* WHAT YOU ARE ASKED TO DO *
Return exactly the lines of the records below, starting at the line that contains "Numbers: x, y, z, sx, sy, sz, roll, pitch, yaw." and ending at the line that contains "#3 car (371,262,383,383)", with both of those lines kept.
--
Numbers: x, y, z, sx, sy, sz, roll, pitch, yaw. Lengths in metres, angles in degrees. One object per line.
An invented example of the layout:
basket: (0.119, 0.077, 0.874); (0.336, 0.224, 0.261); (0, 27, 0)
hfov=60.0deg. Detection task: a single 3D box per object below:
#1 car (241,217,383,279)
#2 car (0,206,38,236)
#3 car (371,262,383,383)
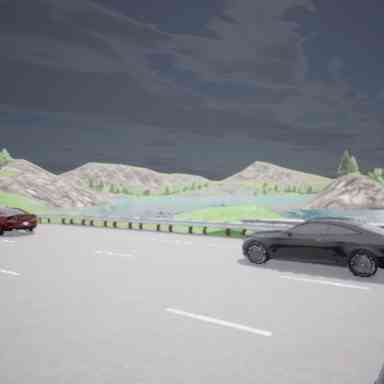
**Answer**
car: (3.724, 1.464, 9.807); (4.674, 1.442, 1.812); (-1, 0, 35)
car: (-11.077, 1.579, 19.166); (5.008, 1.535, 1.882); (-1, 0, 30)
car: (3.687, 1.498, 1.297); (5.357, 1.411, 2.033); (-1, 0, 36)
--
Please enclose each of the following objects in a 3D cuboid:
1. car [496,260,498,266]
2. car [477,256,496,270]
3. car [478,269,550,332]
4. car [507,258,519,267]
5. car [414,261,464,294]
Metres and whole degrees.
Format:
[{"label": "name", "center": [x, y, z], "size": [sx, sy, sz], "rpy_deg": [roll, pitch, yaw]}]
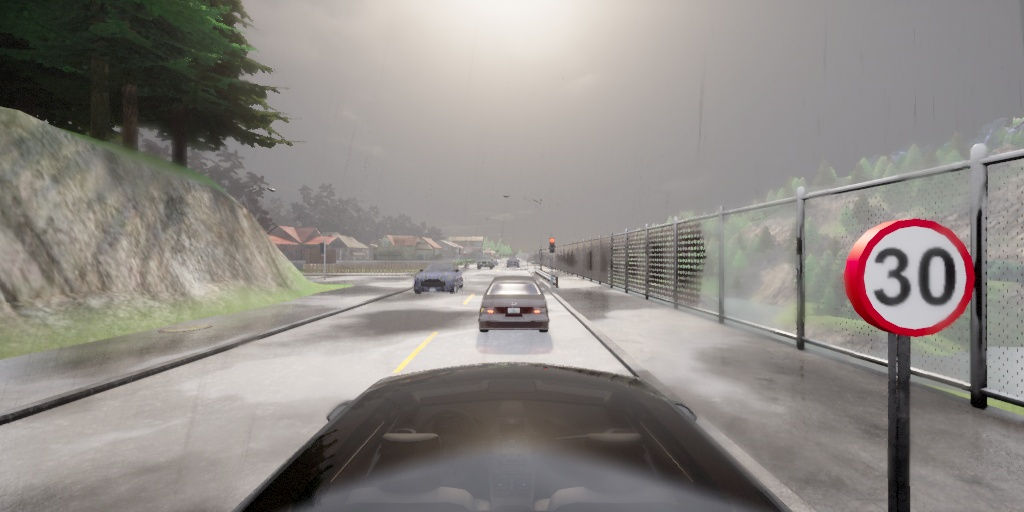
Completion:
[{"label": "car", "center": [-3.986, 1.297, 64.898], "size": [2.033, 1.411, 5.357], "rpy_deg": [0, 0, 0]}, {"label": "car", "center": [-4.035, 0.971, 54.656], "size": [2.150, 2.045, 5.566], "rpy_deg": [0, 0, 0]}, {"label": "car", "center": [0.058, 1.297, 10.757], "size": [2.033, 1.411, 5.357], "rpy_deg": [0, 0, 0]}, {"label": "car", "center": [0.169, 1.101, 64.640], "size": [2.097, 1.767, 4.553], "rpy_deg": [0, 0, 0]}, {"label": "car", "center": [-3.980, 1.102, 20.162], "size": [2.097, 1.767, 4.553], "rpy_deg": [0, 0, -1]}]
--
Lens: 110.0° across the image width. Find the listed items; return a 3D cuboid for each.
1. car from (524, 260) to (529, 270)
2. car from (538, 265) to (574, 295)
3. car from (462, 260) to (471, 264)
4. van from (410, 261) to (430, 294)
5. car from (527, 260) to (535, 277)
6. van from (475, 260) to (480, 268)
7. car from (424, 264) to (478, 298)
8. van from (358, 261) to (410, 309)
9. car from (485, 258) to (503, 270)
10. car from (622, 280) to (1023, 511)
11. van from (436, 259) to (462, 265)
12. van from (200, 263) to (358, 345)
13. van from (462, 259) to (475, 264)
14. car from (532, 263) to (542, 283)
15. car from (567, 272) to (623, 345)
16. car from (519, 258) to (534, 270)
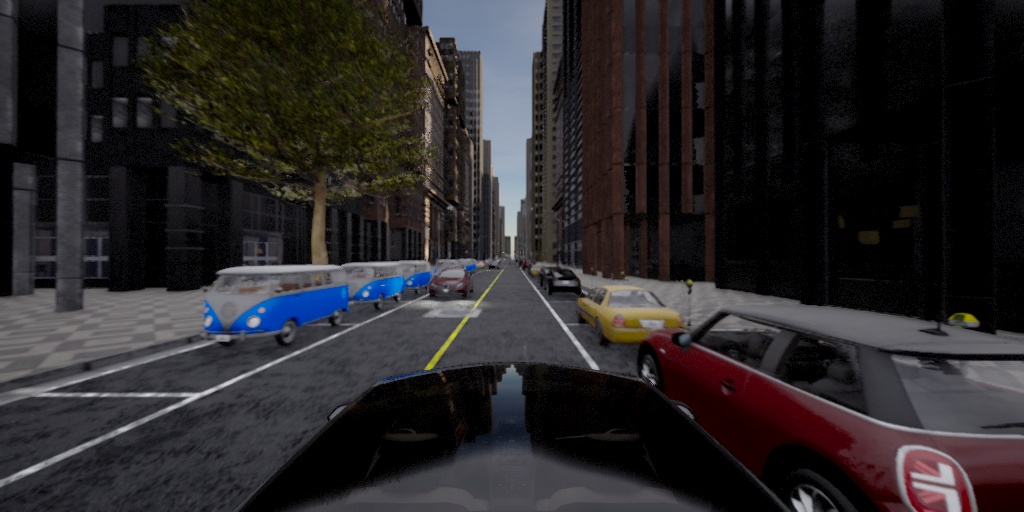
--
* THE ANSWER *
Numbers: x, y, z, sx, sy, sz, roll, pitch, yaw. Lengths in metres, angles in degrees. One object per line.
An invented example of the layout:
basket: (0.119, 0.077, 0.874); (0.336, 0.224, 0.261); (0, 27, 0)
hfov=60.0deg. Detection task: a single 3D box per object below:
#1 car (241,217,383,279)
#2 car (0,206,38,236)
#3 car (371,262,383,383)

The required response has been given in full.